Posts Tagged ‘Actor’

OO -> Actors (?)

November 15, 2008

Since the web has been established, networking and concurrency became central in most applications, like parrallelization is going to be with the multicore technology. However, OO seems not to be that well suited for either of both.

Why is OO not good for parrallelization?

Let’s say you have:
a := f()
b := g()
c := a + b
Simply put: how can you know if you can run f() and g() parrallely? You cannot tell directly. You have to know if f() or g(), and all resulting function calls, might at some moment modify a variable that the other uses or modify as well. In the latter case, parrallelization would lead to unpredictability and thus cannot be performed. Moreover, analyzing such dependencies is extremely difficult and breaks the principle of encapsulation.

And is OO good for networked applications?

Yes and no …At first sight it looks like yes but after some time it turns out it is not ideal. One issue is concurrency. When two requests come in at the time, it should be taken care that something being used by one is not modified by someone else at the same time. This leads to hard to investigate bugs and increased complexity due to synchronization. Another issue is that objects are not that well suited to model transactions.

Ok, so what now? Do you have anything better?

Object Orientation, combining data and methods acting upon them, is “today’s paradigm”. Now everything are objects, everyone “thinks” in terms of objects and OOP is “the way to go”. …But we should keep in mind it’s by all means not the sole way! And perhaps there are even better ways.

Two of the (compatible) models seeing some resurgence are the ones of functional programming and the actor model. I’ll skip the first one and directly go on speaking a little about the actor model.

What is an actor?

At first sight, both may look similar. However, they have profound differences. Conceptually, objects are just “dead” data with methods. On the opposite, actors are “alive” indepedent processes with transactional memory.

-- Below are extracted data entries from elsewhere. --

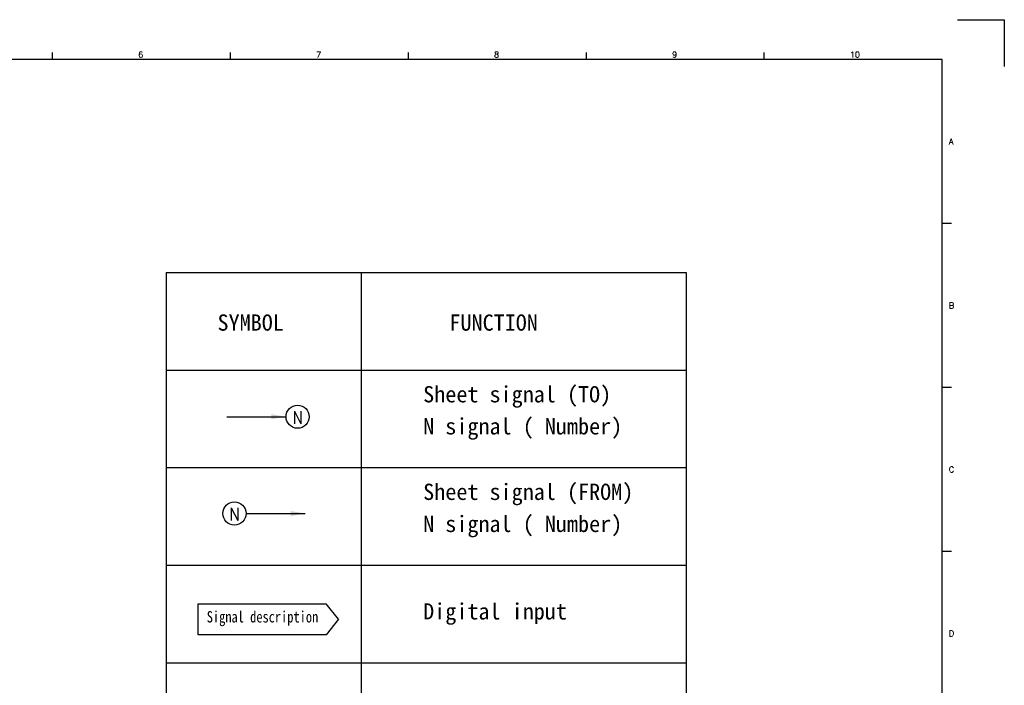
# Model space of a CAD drawing. Extents: x 1638 to 2244, y -55 to 373.
# Tile 3 of 3: x 1941 to 2244, y 168 to 373. Entities that reach past the tile are written whole.
import ezdxf
from ezdxf.enums import TextEntityAlignment as Align

# ---------------------------------------------------------------- set-up
doc = ezdxf.new("R2010")
doc.units = 0
doc.header["$MEASUREMENT"] = 0
for name, color, linetype in [('CON', 4, 'Continuous'), ('圖框CON', 4, 'Continuous'), ('框線', 6, 'Continuous')]:
    doc.layers.add(name, color=color, linetype=linetype)
doc.styles.add('DAYUKP', font='complex', dxfattribs={"bigfont": 'DAYUKP.SHX'})
doc.styles.add('ROMANS', font='romans', dxfattribs={"width": 0.8})
doc.styles.get("Standard").update_dxf_attribs({"font": 'kaiu.ttf'})

# ---------------------------------------------------------------- blocks, each defined once
blk = doc.blocks.new('LEADER')
at = {"layer": 'CON'}
blk.add_solid([(0.85, -0.57), (0.85, -1.57), (3.85, -1.07)], dxfattribs=at)
blk = doc.blocks.new('1')
at = {"layer": 'Defpoints'}
blk.add_lwpolyline([(1252.5, 359.33), (1266.9, 359.33), (1266.9, 344.93)], dxfattribs=at)
at = {"layer": '圖框CON'}
for p, q in [((974.16, 347.11), (974.16, 349.27)), ((1028.89, 347.11), (1028.89, 349.27)), ((1083.62, 347.11), (1083.62, 349.27)), ((1138.35, 347.11), (1138.35, 349.27)), ((1193.09, 347.11), (1193.09, 349.27)), ((1250.71, 296.68), (1247.82, 296.68)), ((1250.71, 246.27), (1247.82, 246.27)), ((1250.71, 195.86), (1247.82, 195.86))]:
    blk.add_line(p, q, dxfattribs=at)
at = {"layer": '框線'}
for p, q in [((1247.82, 347.09), (700.5, 347.09)), ((1247.82, -56.2), (1247.82, 347.09))]:
    blk.add_line(p, q, dxfattribs=at)
at = {"style": 'DAYUKP'}
for s, p in [('6', (1000.51, 347.7)), ('7', (1055.24, 347.7)), ('8', (1109.97, 347.7)), ('9', (1164.7, 347.7)), ('10', (1219.43, 347.7))]:
    blk.add_text(s, height=1.8, dxfattribs=at).set_placement(p)
for s, p in [('A', (1249.86, 321.88)), ('B', (1249.86, 271.47)), ('C', (1249.86, 221.06)), ('D', (1249.86, 170.64))]:
    blk.add_text(s, height=1.8, dxfattribs=at).set_placement(p, align=Align.MIDDLE_LEFT)

msp = doc.modelspace()

# ---------------------------------------------------------------- linework, layer by layer
at = {"layer": 'CON'}
for p, q in [((1985.96, 294.9), (1985.96, 54.9)), ((1985.96, 294.9), (2145.96, 294.9)), ((2045.96, 294.9), (2045.96, 54.9)), ((2145.96, 294.9), (2145.96, 54.9)), ((1985.96, 264.9), (2145.96, 264.9)), ((2004.63, 250.57), (2022.85, 250.57)), ((1985.96, 234.9), (2145.96, 234.9)), ((2010.55, 220.81), (2028.77, 220.81)), ((1985.96, 204.9), (2145.96, 204.9)), ((1985.96, 174.9), (2145.96, 174.9))]:
    msp.add_line(p, q, dxfattribs=at)
at = {"layer": 'CON', "color": 6}
for p, q in [((1995.82, 193.05), (2035.15, 193.05)), ((1995.82, 183.49), (1995.82, 193.05)), ((2039.02, 188.27), (2035.15, 193.05)), ((2039.02, 188.27), (2035.15, 183.49)), ((2035.15, 183.49), (1995.82, 183.49))]:
    msp.add_line(p, q, dxfattribs=at)
for centre in [(2026.41, 250.57), (2006.99, 220.81)]:
    msp.add_circle(centre, 3.56, dxfattribs=at)

# ---------------------------------------------------------------- block references
at = {"layer": 'CON'}
msp.add_blockref('1', (976.86, 13.29), dxfattribs=at)
at = {"layer": 'CON', "xscale": 1.5, "yscale": 1.5, "zscale": 1.5}
for p in [(2017.07, 252.17), (2022.99, 222.41)]:
    msp.add_blockref('LEADER', p, dxfattribs=at)

# ---------------------------------------------------------------- texts
at = {"layer": 'CON'}
for s, p in [('SYMBOL', (2001.78, 275.51)), ('FUNCTION', (2073.09, 275.51)), ('Sheet signal (TO)', (2065.03, 253.47)), ('N signal ( Number)', (2065.03, 243.62)), ('Sheet signal (FROM)', (2065.03, 223.47)), ('N signal ( Number)', (2065.03, 213.62)), ('Digital input', (2065.03, 186.72))]:
    msp.add_text(s, height=5, dxfattribs=at).set_placement(p, align=Align.BOTTOM_LEFT)
at = {"layer": 'CON', "color": 6, "style": 'ROMANS', "width": 0.85}
for p in [(2026.41, 250.36), (2006.99, 220.6)]:
    msp.add_text('N', height=3.9, dxfattribs=at).set_placement(p, align=Align.MIDDLE)
at = {"layer": 'CON', "width": 0.8}
msp.add_text('Signal description', height=3.5, dxfattribs=at).set_placement((1998.47, 186.25), align=Align.BOTTOM_LEFT)

doc.saveas('drawing.dxf')

An actor is basically like a server. It receives and sends messages, and can also start/stop other agents. By  “transactional state”, we mean that state is associated to a “conversation”; not to the actor itself, as opposed to objects having a global shared state. As a consequence actors are free of concurrency issues.

So?

So transactions with asynchronous messages are naturally expressed and we have no more concurrency issues!

What can we model with actors?

Everything that follows the client/server architecture: I/O, networking, the X window system… 
In fact, anything interacting with the environment can nicely be modelled with actors, as well as intelligent agents, jobs running in parrallel, etc.

And this is even more natural! Indeed, when reading a file, a DB or whatrever: why sitting there and waiting for the answer? When these are seen as asynchronous requests, computation can go on until the response arrives.

…Sounds nice. Is there anything further?

Yes, this goes wonderfully hand in hand with functional programming. …But more on this later.